Task requirements: Find "Horizontal FOV: 99.7°. May" in the material below, then write out that line and every line after it exactly, ending with the last one; skip the pictures.

Recorded information:

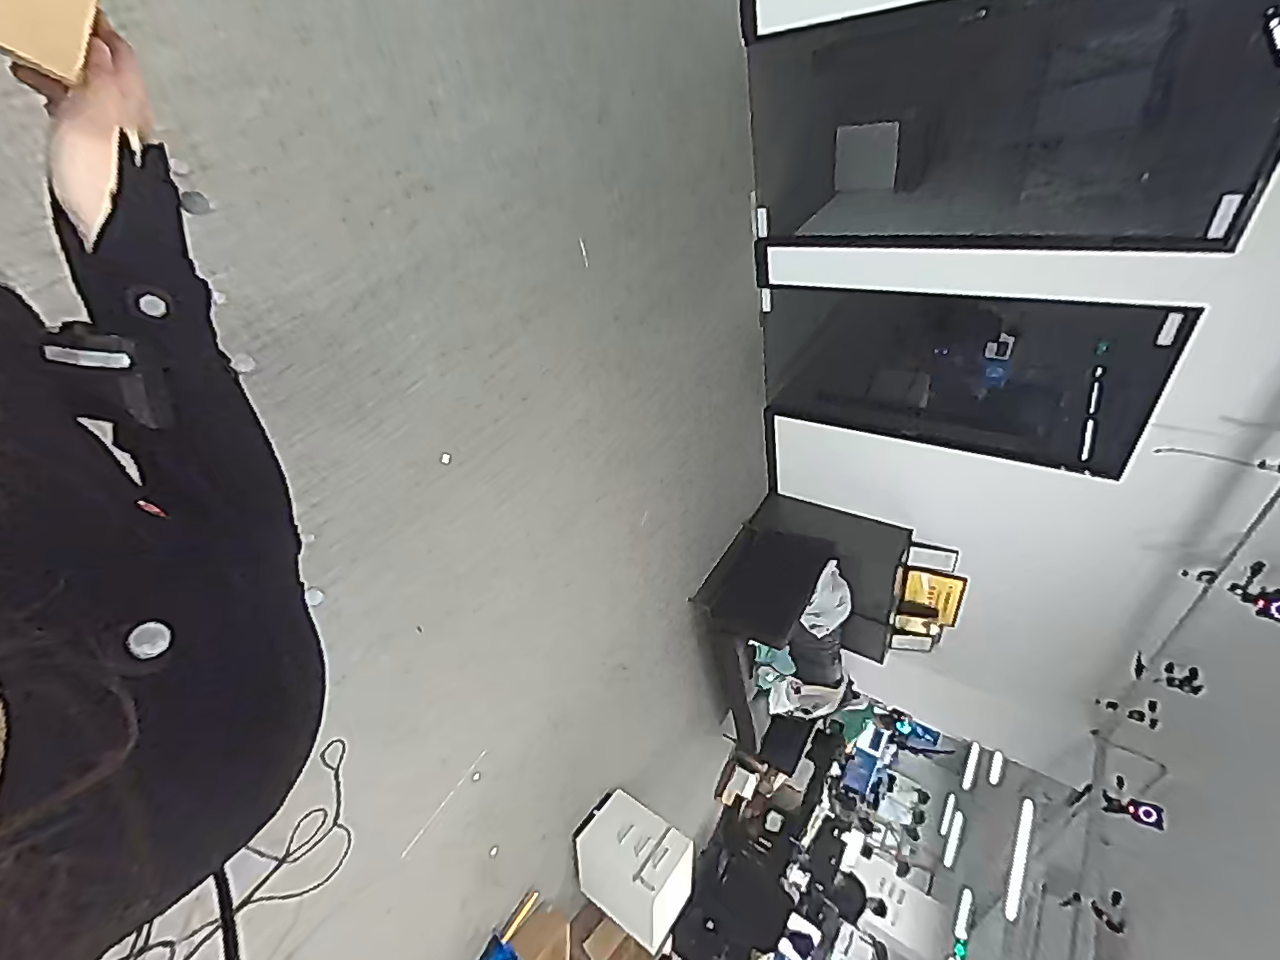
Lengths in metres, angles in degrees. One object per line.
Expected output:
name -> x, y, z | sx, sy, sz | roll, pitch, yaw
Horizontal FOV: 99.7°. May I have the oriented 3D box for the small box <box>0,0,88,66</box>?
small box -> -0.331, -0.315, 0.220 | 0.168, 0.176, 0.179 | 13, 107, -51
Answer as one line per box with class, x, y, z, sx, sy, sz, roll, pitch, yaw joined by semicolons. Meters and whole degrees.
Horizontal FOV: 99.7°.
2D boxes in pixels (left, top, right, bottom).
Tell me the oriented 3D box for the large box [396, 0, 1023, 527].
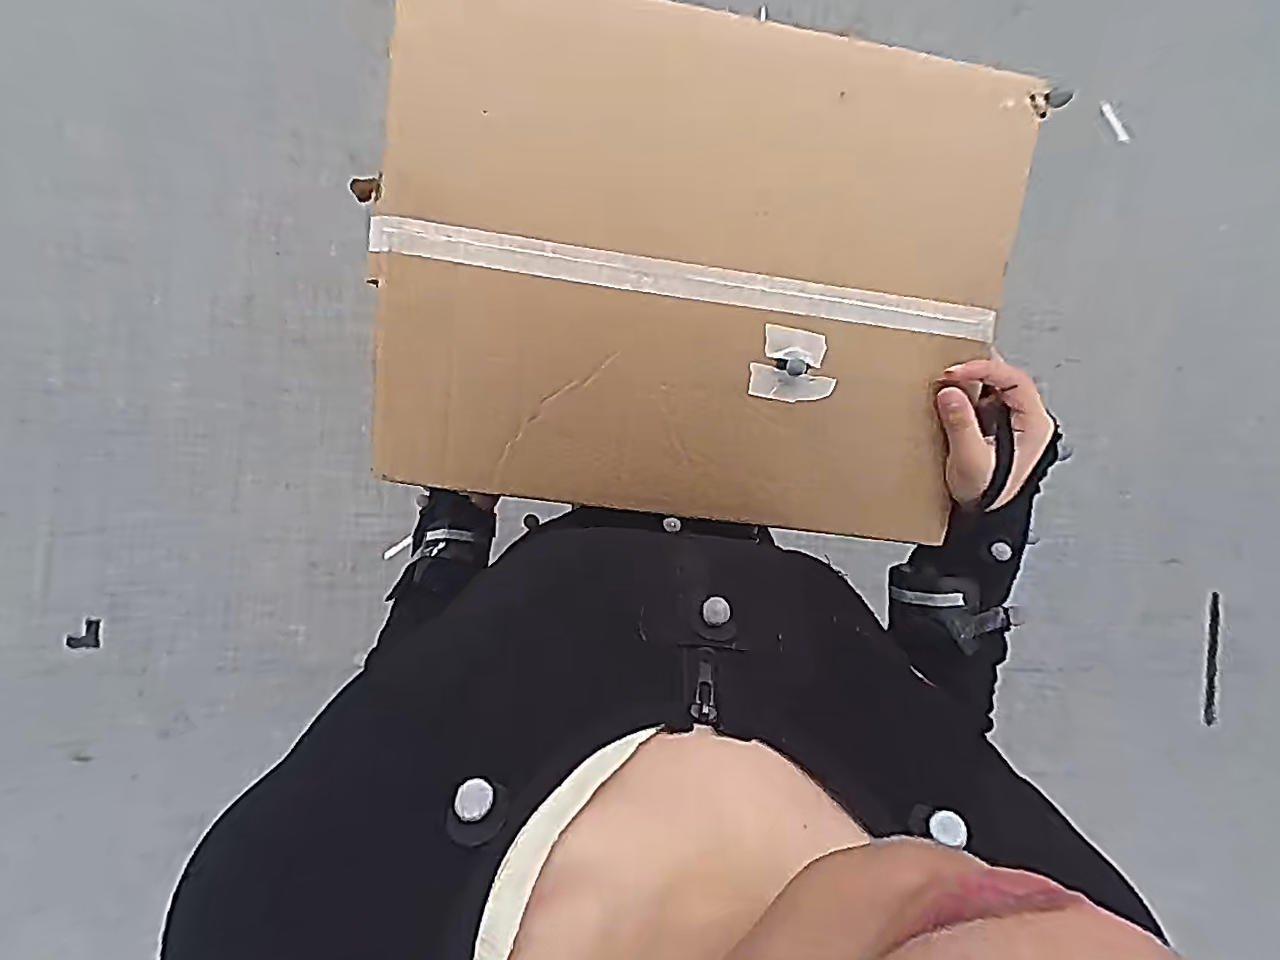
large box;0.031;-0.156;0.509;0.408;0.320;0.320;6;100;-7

Task output:
Horizontal FOV: 99.7°. May I have the oriented 3D box for the small box <box>0,0,88,66</box>?
small box -> -0.331, -0.315, 0.220 | 0.168, 0.176, 0.179 | 13, 107, -51
Answer as one line per box with class, x, y, z, sx, sy, sz, roll, pitch, yaw joined by semicolons. Meters and whole degrees.
Horizontal FOV: 99.7°.
2D boxes in pixels (left, top, right, bottom).
Tell me the oriented 3D box for the large box [396, 0, 1023, 527].
large box;0.031;-0.156;0.509;0.408;0.320;0.320;6;100;-7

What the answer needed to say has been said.